[PULL REQUEST] New methodology for n-dimensional rounding by Eric-Liu-SANDAG · Pull Request #179 · SANDAG/Estimates-Program

Eric-Liu-SANDAG · 2025-12-13T00:07:26Z

Describe this pull request. What changes are being made?

A collection of changes related to n-dimensional rounding. Specifically, attempting to solve it such that it's guaranteed to converge and ideally runs faster

What issues does this pull request address?

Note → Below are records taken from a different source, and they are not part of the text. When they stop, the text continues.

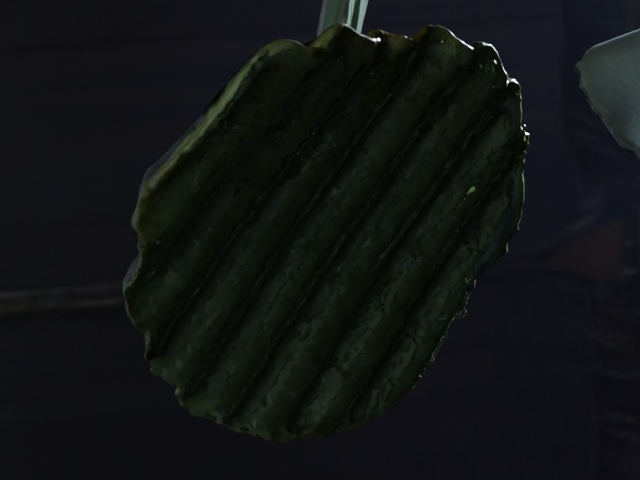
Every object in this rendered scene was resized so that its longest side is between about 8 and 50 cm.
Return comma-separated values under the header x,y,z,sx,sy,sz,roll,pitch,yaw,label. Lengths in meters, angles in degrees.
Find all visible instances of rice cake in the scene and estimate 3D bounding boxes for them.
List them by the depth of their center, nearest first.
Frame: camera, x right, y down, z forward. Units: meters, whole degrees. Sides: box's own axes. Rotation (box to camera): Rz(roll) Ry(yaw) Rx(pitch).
x,y,z,sx,sy,sz,roll,pitch,yaw,label
0.023,-0.253,1.856,0.080,0.042,0.221,49,48,-59,rice cake

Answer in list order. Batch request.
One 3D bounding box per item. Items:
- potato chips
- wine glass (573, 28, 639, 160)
x,y,z,sx,sy,sz,roll,pitch,yaw,label
0.000,0.000,1.353,0.429,0.358,0.070,-57,-144,21,potato chips
0.258,-0.145,0.842,0.156,0.156,0.232,-100,-148,-48,wine glass

Resolves [FEATURE] Upgrade the 2D integerizer for better solutions and speed #159
Resolves [FEATURE] Test various PuLP models for speed #161
Resolves [FEATURE] Test the new ND integerizer on actual data #162
Resolves [FEATURE] Minimize inputs to PuLP solver for speed #163

Additional context

Some of the work done on this branch was shifted into a different branch and has already been merged into the main branch via #176. Therefore, the main purpose of this PR is to fully document the work done and to ensure that when the branch is deleted, the work will not be lost

Includes: * IPF implementation using numpy (much faster than IPFN!) * Utilities for creating various random test data * Stochastic (aka fuzzy) and PuLP methodologies for ND integerization, both minimally tested on at least 3-D data

`gq_other` went from ~54 seconds to ~14 seconds. At this point, the solving is taking about half the time, aka ~7 seconds, so I'm not sure there's much more to optimize

File is too large for GH, so it's in SQL Server as `[ws].[dbo].[Group_Quarters_Institutional_Correctional_Facilities_PULP_CBC_CMD]`

Eric-Liu-SANDAG · 2025-12-16T22:17:27Z

This PR contains quite a few changes, which will be fully summarized below. Hopefully, this means the changes are easier to search up in the future in case the work is required again.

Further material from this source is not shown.